Stem cells used to model disease that causes abnormal bone growth
14 January 2014
Researchers have developed a new way to study bone disorders and bone growth, using stem cells from patients afflicted with a rare, genetic bone disease.
The approach, based on Nobel-Prize winning techniques, could illuminate the illness, in which muscles and tendons progressively turn into bone, and addresses the similar destructive process that afflicts a growing number of veterans who have suffered blast injuries - including traumatic amputations or injuries to the brain and nervous system.
This insidious hardening of tissues also grips some patients following joint replacement or severe bone injuries.
The disease model, described in a new study by a UC San Francisco-led team, involves taking skin cells from patients with the bone disease, reprogramming them in a lab dish to their embryonic state, and deriving stem cells from them.
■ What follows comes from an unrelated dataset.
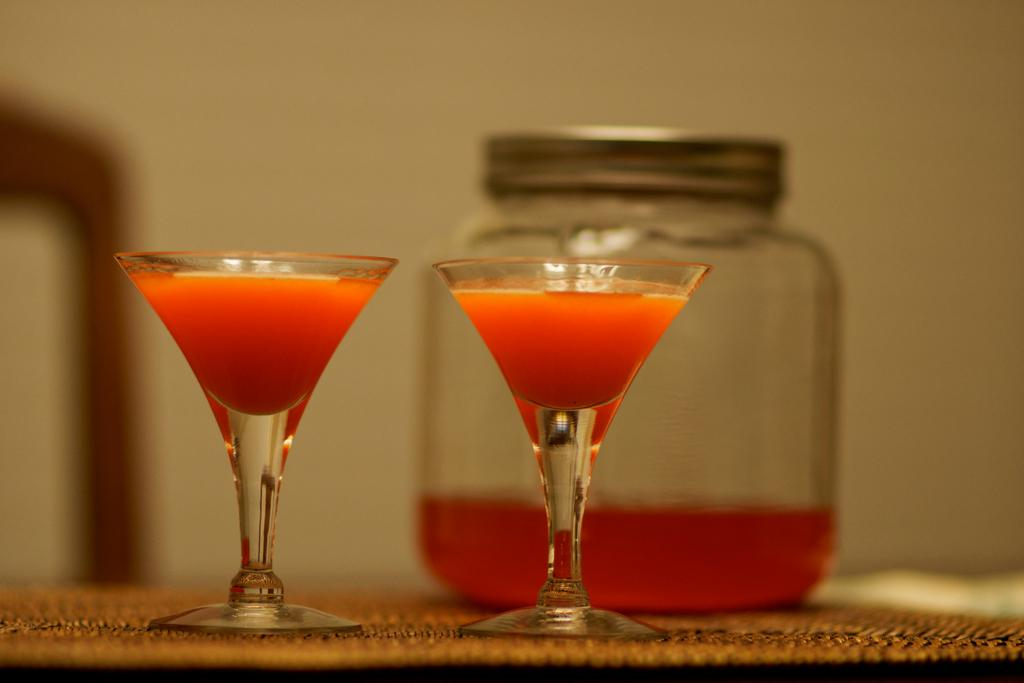What can be seen in the glasses in the image? There are two glasses filled with a drink in the image. What can be seen in the background of the image? There are trees visible in the background of the image. What is the jar in the image used for? The jar in the image has a closed lid, which suggests it is used for storing something. Can you see a river flowing through the image? There is no river visible in the image. How many crows are perched on the roof in the image? There is no roof or crow present in the image. 
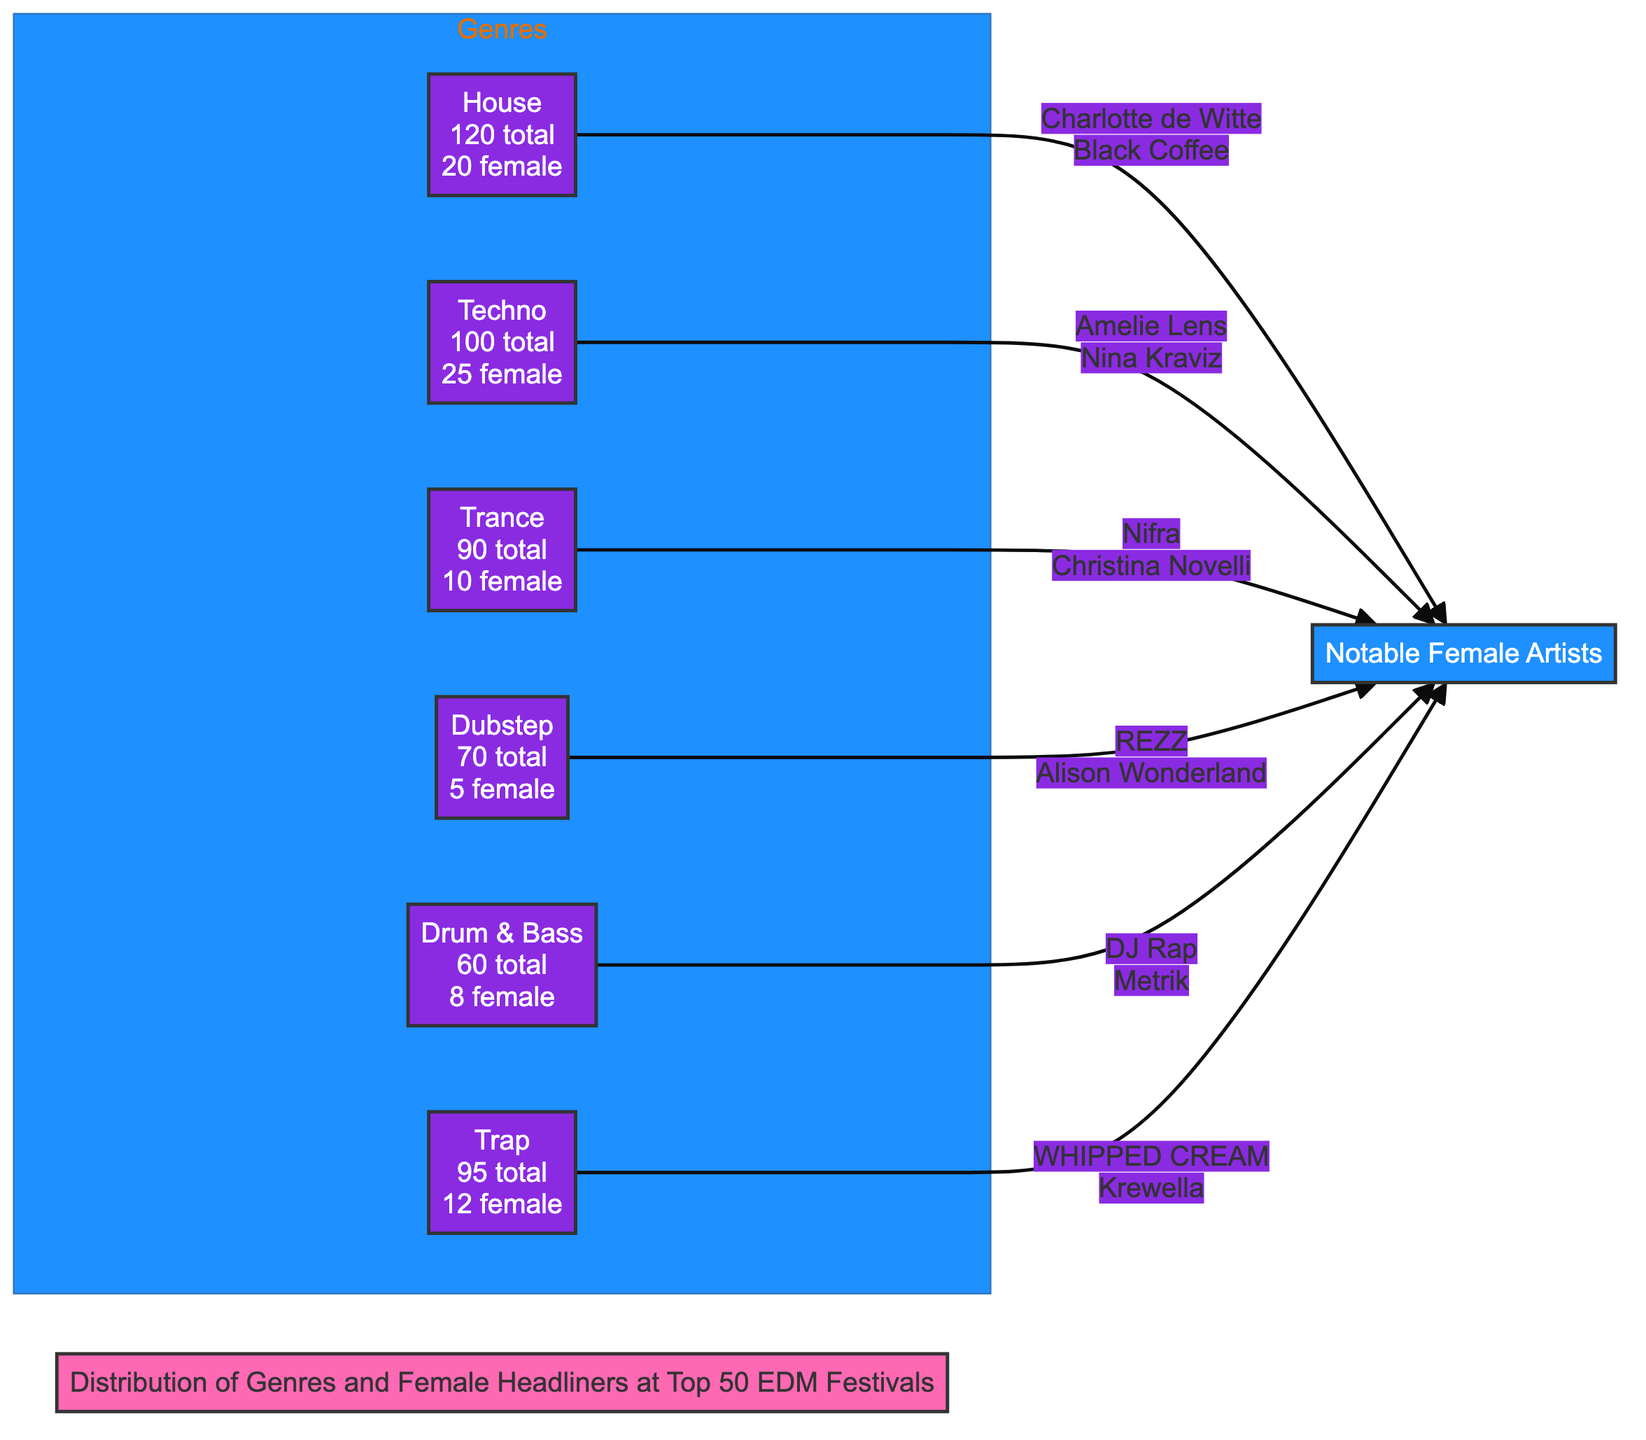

Once the team derived the stem cells, they identified a cellular mechanism that drives abnormal bone growth in the thus-far untreatable bone disease, called fibrodysplasiaossificans progressiva (FOP). Furthermore, they found that certain chemicals could slow abnormal bone growth in the stem cells, a discovery that might help guide future drug development.
Clinically, the genetic and trauma-caused conditions are very similar, with bone formation in muscle leading to pain and restricted movement, according to the leader of the new study, Edward Hsiao, MD, PhD, an endocrinologist who cares for patients with rare and unusual bone diseases at the UCSF Metabolic Bone Clinic in the Division of Endocrinology and Metabolism.
The human cell-based disease model is expected to lead to a better understanding of these disorders and other illnesses, Hsiao said.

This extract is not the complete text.